As anti-communism lost some of its force in the 1960s and 1970s, Will Parry became a prominent labor leader, serving for many years as the Olympia lobbyist for the Association of Western Pulp and Paper Workers. Like other members of the Communist Party, Will and Louise, were heavily involved in the anti-war movement during the Vietnam era and again during the various Middle East Wars. They worked with the UFW grape boycott and joined scores of picket lines supporting unions. In the 1980s, Will helped found the Puget Sound Alliance for Retired Americans, editing its newsletter, the Retiree Advocate, for more than 25 years. In 2010, Seattle's City Council honored Will Parry with a proclamation celebrating his "lifelong commitment, and work, to achieve social and economic justice for the residents of Seattle."

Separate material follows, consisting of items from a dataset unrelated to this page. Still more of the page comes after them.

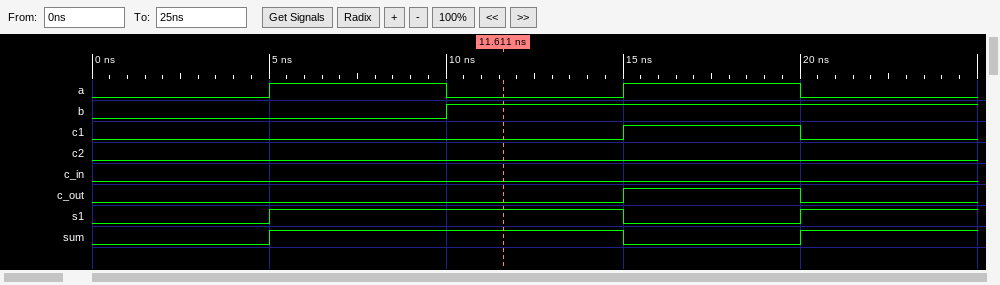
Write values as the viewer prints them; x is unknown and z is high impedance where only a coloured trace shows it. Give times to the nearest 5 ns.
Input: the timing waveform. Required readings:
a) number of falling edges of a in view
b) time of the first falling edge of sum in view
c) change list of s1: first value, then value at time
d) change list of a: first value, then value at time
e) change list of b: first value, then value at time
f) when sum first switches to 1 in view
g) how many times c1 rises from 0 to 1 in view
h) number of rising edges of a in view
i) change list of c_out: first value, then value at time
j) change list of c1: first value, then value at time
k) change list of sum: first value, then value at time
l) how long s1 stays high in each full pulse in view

2
15 ns
0, 1 at 5 ns, 0 at 15 ns, 1 at 20 ns
0, 1 at 5 ns, 0 at 10 ns, 1 at 15 ns, 0 at 20 ns
0, 1 at 10 ns
5 ns
1
2
0, 1 at 15 ns, 0 at 20 ns
0, 1 at 15 ns, 0 at 20 ns
0, 1 at 5 ns, 0 at 15 ns, 1 at 20 ns
10 ns
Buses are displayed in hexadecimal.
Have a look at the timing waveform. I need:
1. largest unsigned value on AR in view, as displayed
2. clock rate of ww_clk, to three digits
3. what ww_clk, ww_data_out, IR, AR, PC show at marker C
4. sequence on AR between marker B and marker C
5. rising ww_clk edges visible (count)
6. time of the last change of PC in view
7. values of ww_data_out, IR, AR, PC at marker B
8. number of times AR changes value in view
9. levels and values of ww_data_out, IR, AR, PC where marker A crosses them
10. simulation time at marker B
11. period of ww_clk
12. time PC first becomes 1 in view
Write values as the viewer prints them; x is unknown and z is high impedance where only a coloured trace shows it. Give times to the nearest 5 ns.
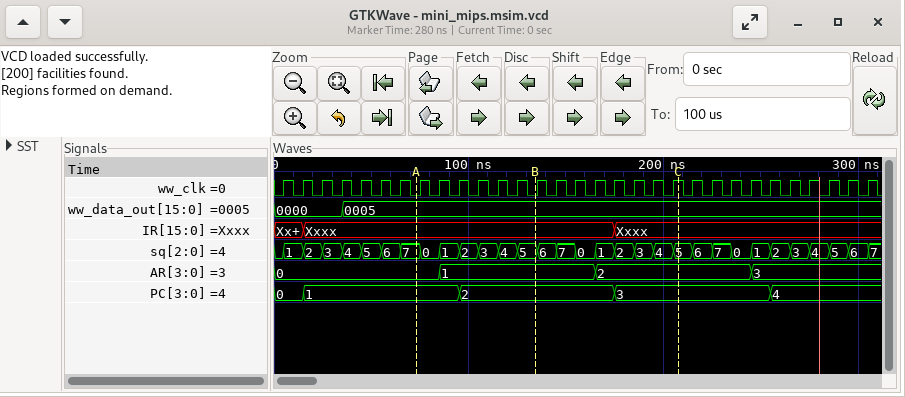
3
100 MHz
ww_clk=1, ww_data_out=0005, IR=Xxxx, AR=2, PC=3
1, 2
31
255 ns
ww_data_out=0005, IR=Xxxx, AR=1, PC=2
3
ww_data_out=0005, IR=Xxxx, AR=0, PC=1
135 ns
10 ns
15 ns
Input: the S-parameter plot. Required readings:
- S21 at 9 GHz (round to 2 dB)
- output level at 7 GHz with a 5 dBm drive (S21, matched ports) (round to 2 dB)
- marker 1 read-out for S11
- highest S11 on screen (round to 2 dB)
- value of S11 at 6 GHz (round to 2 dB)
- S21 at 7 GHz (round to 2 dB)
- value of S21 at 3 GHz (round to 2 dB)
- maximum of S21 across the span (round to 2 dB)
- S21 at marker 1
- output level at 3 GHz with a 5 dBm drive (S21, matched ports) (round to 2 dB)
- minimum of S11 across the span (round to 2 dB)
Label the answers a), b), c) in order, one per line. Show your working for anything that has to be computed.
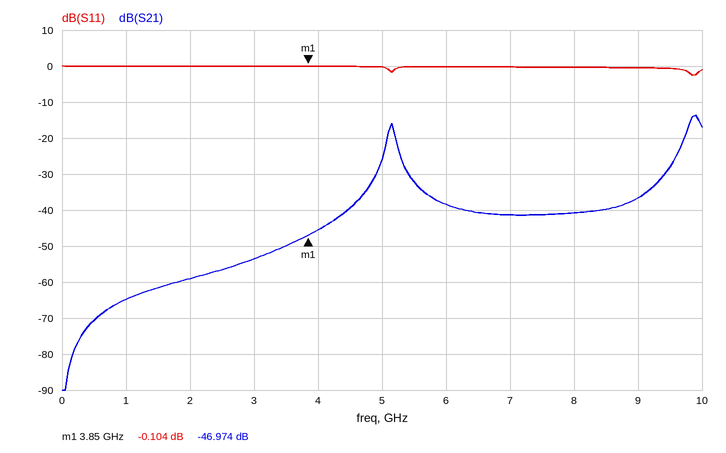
a) -36 dB
b) 5 dBm + (-42 dB) = -36 dBm
c) -0.104 dB
d) 0 dB
e) 0 dB
f) -42 dB
g) -54 dB
h) -14 dB
i) -46.974 dB
j) 5 dBm + (-54 dB) = -48 dBm
k) -2 dB
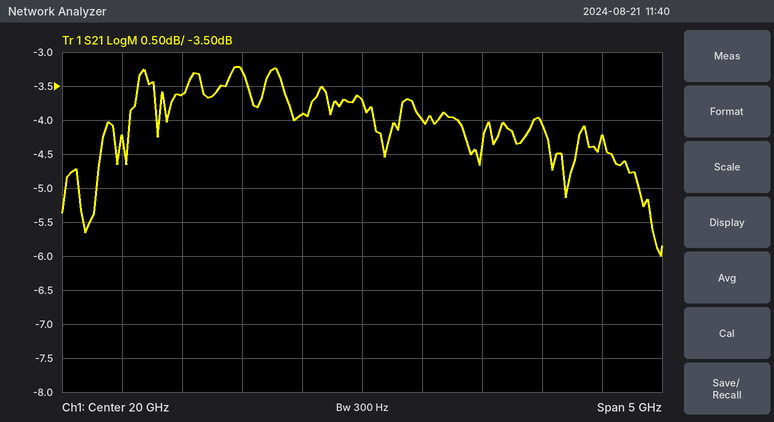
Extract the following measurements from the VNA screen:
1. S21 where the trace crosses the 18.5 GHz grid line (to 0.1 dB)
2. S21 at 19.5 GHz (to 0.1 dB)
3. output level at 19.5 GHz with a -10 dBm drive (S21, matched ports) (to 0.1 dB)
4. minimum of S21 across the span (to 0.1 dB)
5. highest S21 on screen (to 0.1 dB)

-3.6 dB
-3.9 dB
-13.9 dBm
-6.0 dB
-3.2 dB
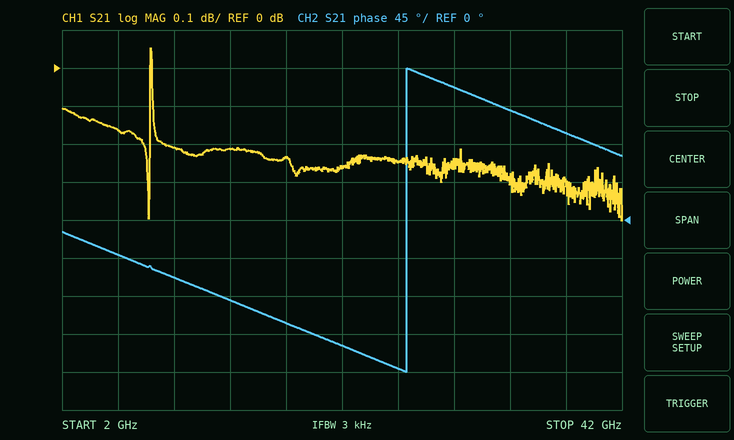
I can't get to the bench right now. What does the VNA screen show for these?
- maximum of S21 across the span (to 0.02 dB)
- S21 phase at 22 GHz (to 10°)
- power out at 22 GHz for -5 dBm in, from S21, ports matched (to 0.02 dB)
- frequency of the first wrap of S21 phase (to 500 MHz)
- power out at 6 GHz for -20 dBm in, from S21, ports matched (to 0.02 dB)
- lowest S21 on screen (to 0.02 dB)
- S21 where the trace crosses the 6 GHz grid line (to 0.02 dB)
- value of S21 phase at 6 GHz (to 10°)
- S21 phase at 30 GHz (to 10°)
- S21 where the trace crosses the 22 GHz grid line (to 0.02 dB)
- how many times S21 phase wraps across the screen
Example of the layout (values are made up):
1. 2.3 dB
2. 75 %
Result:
1. 0.06 dB
2. -150°
3. -5.26 dBm
4. 26.5 GHz
5. -20.16 dBm
6. -0.40 dB
7. -0.16 dB
8. -40°
9. 160°
10. -0.26 dB
11. 1

Louise Parry died in 2006 at age 85. Will Parry died in 2013 at age 93.

Louise and Will Parry shared stories of activism and details about their life-long commitment to the Communist Party in a pair of video taped interviews conducted by Daeha Ko and Shelley Pinckney on March 4 and March 6, 2002. Streaming video excerpts of the interviews can be viewed at right. Video editing by Leo Baunach.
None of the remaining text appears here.